---
vignette: >
  %\VignetteIndexEntry{Example: cumulative median}
  %\VignetteEngine{litedown::vignette}
  %\VignetteEncoding{UTF-8}
---

In this vignette we compare two different implementations of the
cumulative median. The cumstats package provides a naive method, which
uses the standard median function in a for loop. Each call to the
standard median function is log-linear, so the total expected
complexity is log-quadratic.

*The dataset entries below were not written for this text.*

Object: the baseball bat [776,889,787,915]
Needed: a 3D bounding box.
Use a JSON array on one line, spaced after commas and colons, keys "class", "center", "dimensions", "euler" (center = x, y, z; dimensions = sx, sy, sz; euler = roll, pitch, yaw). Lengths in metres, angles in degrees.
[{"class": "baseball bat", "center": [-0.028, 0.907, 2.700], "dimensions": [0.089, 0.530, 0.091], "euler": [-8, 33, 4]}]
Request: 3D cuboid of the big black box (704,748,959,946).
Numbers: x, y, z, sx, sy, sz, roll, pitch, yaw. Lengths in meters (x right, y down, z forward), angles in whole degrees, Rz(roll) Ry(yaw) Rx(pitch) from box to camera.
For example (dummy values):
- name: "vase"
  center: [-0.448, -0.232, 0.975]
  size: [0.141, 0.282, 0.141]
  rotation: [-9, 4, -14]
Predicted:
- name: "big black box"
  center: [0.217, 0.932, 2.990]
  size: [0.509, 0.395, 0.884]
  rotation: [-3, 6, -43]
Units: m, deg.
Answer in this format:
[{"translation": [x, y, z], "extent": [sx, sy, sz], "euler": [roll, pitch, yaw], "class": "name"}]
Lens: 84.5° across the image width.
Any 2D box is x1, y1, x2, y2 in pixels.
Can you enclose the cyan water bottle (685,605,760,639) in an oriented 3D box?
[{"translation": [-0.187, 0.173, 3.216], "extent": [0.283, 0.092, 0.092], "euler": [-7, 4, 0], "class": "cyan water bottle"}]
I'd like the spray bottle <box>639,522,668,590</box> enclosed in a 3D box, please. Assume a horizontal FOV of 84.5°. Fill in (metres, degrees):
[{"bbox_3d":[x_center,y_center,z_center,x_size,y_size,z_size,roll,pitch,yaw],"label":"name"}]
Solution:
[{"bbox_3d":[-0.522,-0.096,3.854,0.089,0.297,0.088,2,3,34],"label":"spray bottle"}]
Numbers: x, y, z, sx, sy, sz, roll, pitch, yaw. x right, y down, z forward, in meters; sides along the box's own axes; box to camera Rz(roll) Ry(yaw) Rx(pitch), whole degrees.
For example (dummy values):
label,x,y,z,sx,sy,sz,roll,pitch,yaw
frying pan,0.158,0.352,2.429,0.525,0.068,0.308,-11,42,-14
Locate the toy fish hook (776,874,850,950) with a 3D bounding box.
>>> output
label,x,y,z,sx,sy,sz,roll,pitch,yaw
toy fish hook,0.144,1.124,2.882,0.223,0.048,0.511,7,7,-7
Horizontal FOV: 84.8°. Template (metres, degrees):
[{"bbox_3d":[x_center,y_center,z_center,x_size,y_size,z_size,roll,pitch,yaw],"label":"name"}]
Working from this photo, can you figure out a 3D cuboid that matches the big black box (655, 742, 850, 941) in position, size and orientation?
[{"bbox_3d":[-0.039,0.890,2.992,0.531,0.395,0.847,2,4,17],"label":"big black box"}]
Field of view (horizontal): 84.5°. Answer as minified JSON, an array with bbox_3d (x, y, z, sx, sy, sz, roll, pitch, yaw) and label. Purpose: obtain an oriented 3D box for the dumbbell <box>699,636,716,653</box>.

The binsegRcpp package provides a
different implementation that uses a log-linear algorithm, previously
described in [the 2017 NeurIPS research paper Maximum Margin Interval
Trees by Alexandre Drouin, Toby Hocking, Francois
Laviolette](https://proceedings.neurips.cc/paper/2017/hash/2288f691b58edecadcc9a8691762b4fd-Abstract.html).

```{r}
## copied from library(cumstats), thanks @TimTaylor, https://github.com/tdhock/atime/issues/89
cummedian <- function(x) sapply(seq_along(x), function(k, z) median(z[1:k]), z = x)
expr.list <- c(
  if(requireNamespace("binsegRcpp"))atime::atime_grid(
    "binsegRcpp::cum_median"=binsegRcpp::cum_median(data.vec)),
  atime::atime_grid(
    cumsum=cumsum(data.vec),
    cummedian=cummedian(data.vec)))
atime.list <- atime::atime(
  N=2^seq(1, 20),
  setup={
    set.seed(1)
    data.vec <- rnorm(N)
  },
  result=TRUE,
  expr.list=expr.list,
  times=5)
plot(atime.list)
```

```{r}
(best.list <- atime::references_best(atime.list))
## try() to avoid CRAN error 'from' must be a finite number, on
## https://www.stats.ox.ac.uk/pub/bdr/Rblas/README.txt, due to
## https://github.com/r-lib/scales/issues/307
plot(best.list)
```

Exercise for the reader: increase `seconds.limit` and max `N` until
you can clearly show that `binsegRcpp::cum_median` should be the
preferred method for computing the cumulative median.